Is there any sort of a rule for this?
Thanks for all the help!
P.S Sorry if the formatting is wrong, I am new to posting Math questions.
( ((X + Y) mod 29) - Y) mod 29 =( (((X + Y) mod 29) mod 29) - Y mod 29)
Which is again:
( ((X + Y) mod 29) - Y mod 29 )
Therefore it results in
( (X + Y) - Y) mod 29
Please refer http://nrich.maths.org/4350 for proofs of the steps used
Mathematicians prefer to define modular arithmetic in terms of congruence, rather than as an operation on natural numbers. We say that two integers $a$ and $b$ are "congruent" modulo $n$, and write $$a \equiv b \mod n$$ or $$a \cong b \mod n$$ when $n$ divides evenly into the difference $a-b$. To see how this connects to the operation way of understanding things that you're more familiar with, "$a \mod n$" is the smallest non-negative integer congruent to $a$ modulo $n$. For example, where you might be more familiar with the statement "$53 \mod 29 = 14$", we prefer to write $53 \equiv 14 \mod 29$, and $14$ doesn't really have any special significance here; it would be equally correct to write $53 \equiv 82 \mod 29$, or even $53 \equiv -15 \mod 29$.
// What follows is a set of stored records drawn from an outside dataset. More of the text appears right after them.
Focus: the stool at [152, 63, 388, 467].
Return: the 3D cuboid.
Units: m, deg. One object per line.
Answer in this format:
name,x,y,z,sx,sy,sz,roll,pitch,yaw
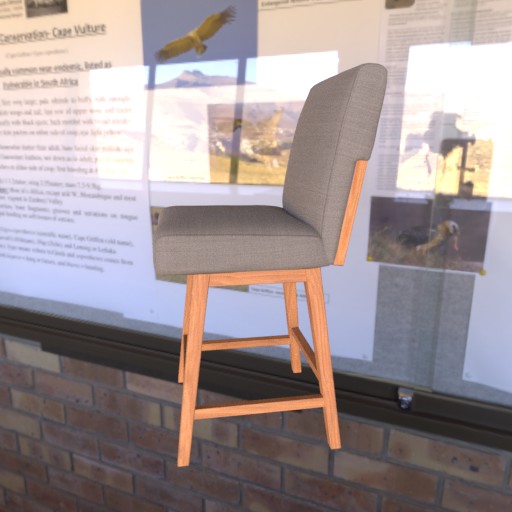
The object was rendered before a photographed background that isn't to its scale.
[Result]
stool,0.000,0.000,1.304,0.570,1.019,0.459,-2,15,-9
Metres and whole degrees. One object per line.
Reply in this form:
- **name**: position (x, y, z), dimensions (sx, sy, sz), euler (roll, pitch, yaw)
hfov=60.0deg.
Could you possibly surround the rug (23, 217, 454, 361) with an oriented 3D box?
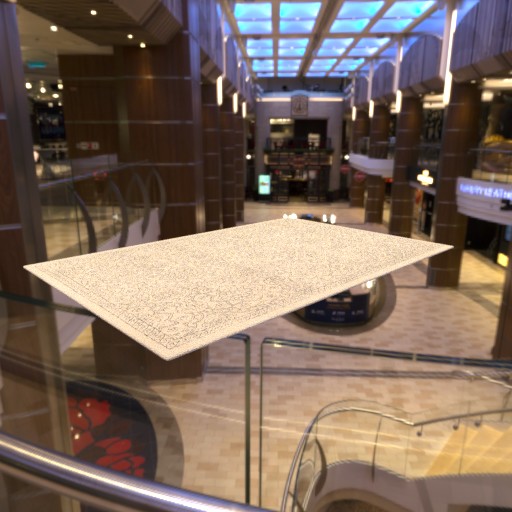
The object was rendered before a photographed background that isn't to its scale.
- **rug**: position (0.000, 0.000, 2.237), dimensions (1.829, 0.010, 1.219), euler (-14, 21, -42)
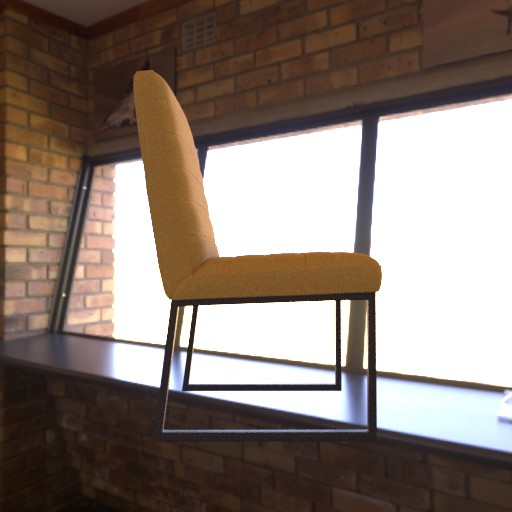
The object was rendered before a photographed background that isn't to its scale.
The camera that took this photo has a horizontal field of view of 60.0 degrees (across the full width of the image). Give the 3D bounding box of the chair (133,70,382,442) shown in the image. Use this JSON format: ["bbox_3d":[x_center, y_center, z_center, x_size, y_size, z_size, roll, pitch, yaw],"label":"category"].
[{"bbox_3d":[0.000,0.000,1.339,0.634,0.930,0.520,0,-1,0],"label":"chair"}]
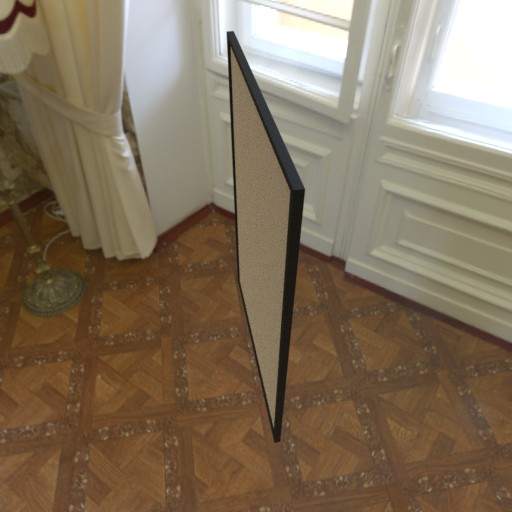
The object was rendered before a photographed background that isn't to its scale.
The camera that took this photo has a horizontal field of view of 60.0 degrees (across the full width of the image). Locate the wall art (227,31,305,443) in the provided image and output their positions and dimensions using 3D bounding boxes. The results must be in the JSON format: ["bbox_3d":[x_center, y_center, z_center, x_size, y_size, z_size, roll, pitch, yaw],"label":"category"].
[{"bbox_3d":[0.000,0.000,0.852,0.013,0.660,0.460,-8,46,-8],"label":"wall art"}]
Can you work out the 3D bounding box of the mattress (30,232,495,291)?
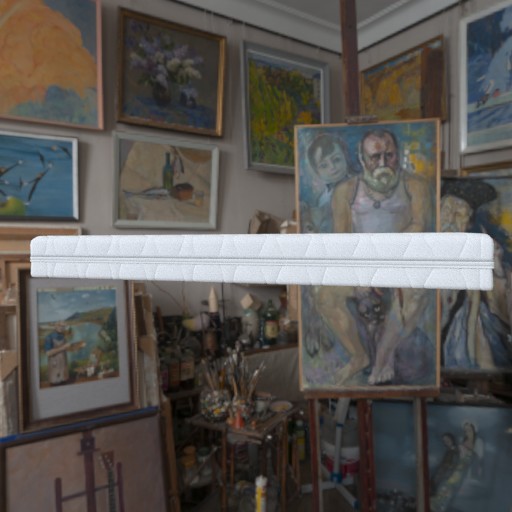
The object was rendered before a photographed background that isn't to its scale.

Then the key fact at play for your question is the following theorem: if $a \equiv c \mod n$ and $b \equiv d \mod n$, then $a+b \equiv c+d\mod n$, $a-b \equiv c-d\mod n$, and $ab\equiv cd \mod n$.
This theorem says that to compute the sum, difference, or product of two numbers modulo $n$, one may substitute any other congruent number in place before computing the arithmetic operation. In particular, to compute $(X+Y)-Y$ modulo $29$, one may reduce $X+Y$ modulo $29$ before computing the difference, which is what you've observed. Mind you, $(X+Y)-Y = X$, so one could also compute this just by reducing $X$ modulo $29$ and calling it a day.
All of this is detailed in the wikipedia page on modular arithmetic.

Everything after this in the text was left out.